• Task details:
Once you find the line below that contains "Therefore, P(5) ≈ 78.1281 thousand units.", write it out along with every later line exactly as given, stopping only when the records end. Omit the pictures.

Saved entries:
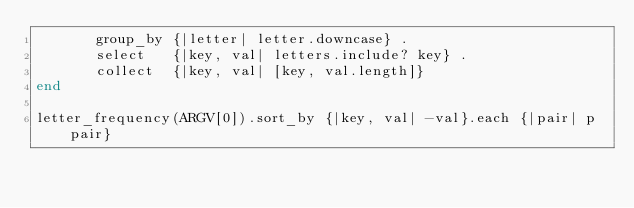Convert code to text. <code><loc_0><loc_0><loc_500><loc_500><_Ruby_>       group_by {|letter| letter.downcase} .
       select   {|key, val| letters.include? key} .
       collect  {|key, val| [key, val.length]}
end

letter_frequency(ARGV[0]).sort_by {|key, val| -val}.each {|pair| p pair}
</code> 
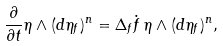<formula> <loc_0><loc_0><loc_500><loc_500>\frac { \partial } { \partial t } \eta \wedge ( d \eta _ { f } ) ^ { n } = \Delta _ { f } \dot { f } \, \eta \wedge ( d \eta _ { f } ) ^ { n } ,</formula> 
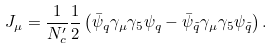<formula> <loc_0><loc_0><loc_500><loc_500>J _ { \mu } = \frac { 1 } { N _ { c } ^ { \prime } } \frac { 1 } { 2 } \left ( \bar { \psi } _ { q } \gamma _ { \mu } \gamma _ { 5 } \psi _ { q } - \bar { \psi } _ { \tilde { q } } \gamma _ { \mu } \gamma _ { 5 } \psi _ { \tilde { q } } \right ) .</formula> 
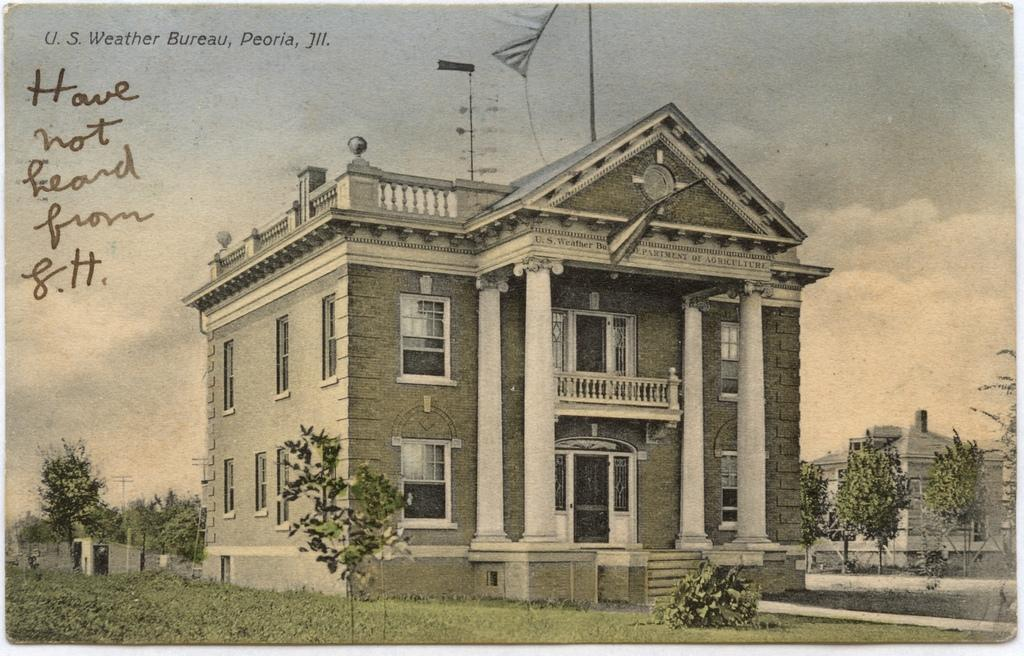What type of structure is visible in the image? There is a building in the image. What type of vegetation is present in the image? There are trees in the image. What covers the ground in the image? The ground is covered with grass. What type of butter is being used to fuel the building in the image? There is no butter or fuel present in the image; it features a building, trees, and grass. 
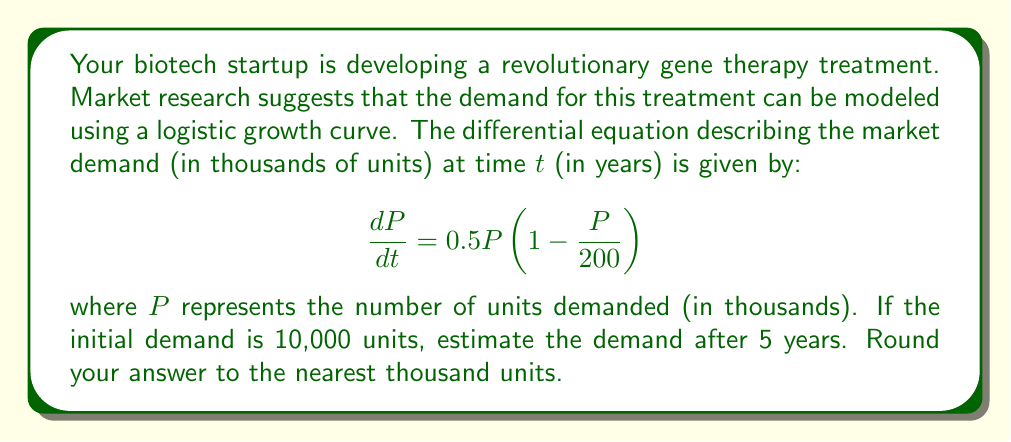Show me your answer to this math problem. To solve this problem, we need to use the solution to the logistic differential equation. The general form of the logistic equation is:

$$\frac{dP}{dt} = rP(1 - \frac{P}{K})$$

where r is the growth rate and K is the carrying capacity.

In our case, r = 0.5 and K = 200 (thousand units).

The solution to this differential equation is:

$$P(t) = \frac{K}{1 + (\frac{K}{P_0} - 1)e^{-rt}}$$

where P₀ is the initial population.

Given:
- K = 200 (thousand units)
- r = 0.5
- P₀ = 10 (thousand units)
- t = 5 years

Let's substitute these values into the equation:

$$P(5) = \frac{200}{1 + (\frac{200}{10} - 1)e^{-0.5(5)}}$$

$$P(5) = \frac{200}{1 + 19e^{-2.5}}$$

Now, let's calculate this step by step:
1. Calculate e⁻²·⁵ ≈ 0.0821
2. Multiply: 19 × 0.0821 ≈ 1.5599
3. Add 1: 1 + 1.5599 = 2.5599
4. Divide: 200 ÷ 2.5599 ≈ 78.1281

Therefore, P(5) ≈ 78.1281 thousand units.

Rounding to the nearest thousand, we get 78,000 units.
Answer: 78,000 units 
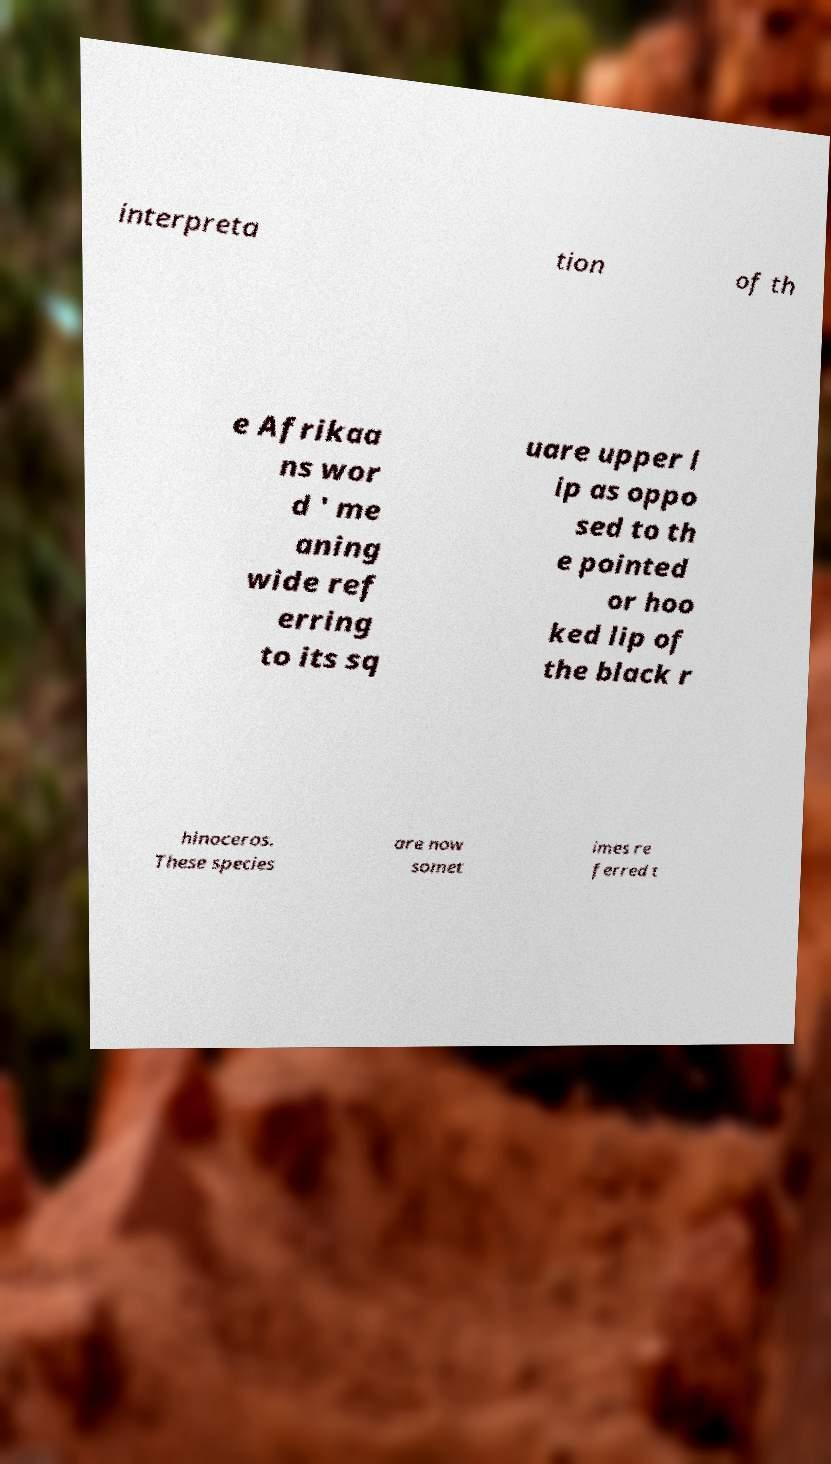Please read and relay the text visible in this image. What does it say? interpreta tion of th e Afrikaa ns wor d ' me aning wide ref erring to its sq uare upper l ip as oppo sed to th e pointed or hoo ked lip of the black r hinoceros. These species are now somet imes re ferred t

• Answer section:
Therefore, P(5) ≈ 78.1281 thousand units.

Rounding to the nearest thousand, we get 78,000 units.
Answer: 78,000 units 
Please read and relay the text visible in this image. What does it say? interpreta tion of th e Afrikaa ns wor d ' me aning wide ref erring to its sq uare upper l ip as oppo sed to th e pointed or hoo ked lip of the black r hinoceros. These species are now somet imes re ferred t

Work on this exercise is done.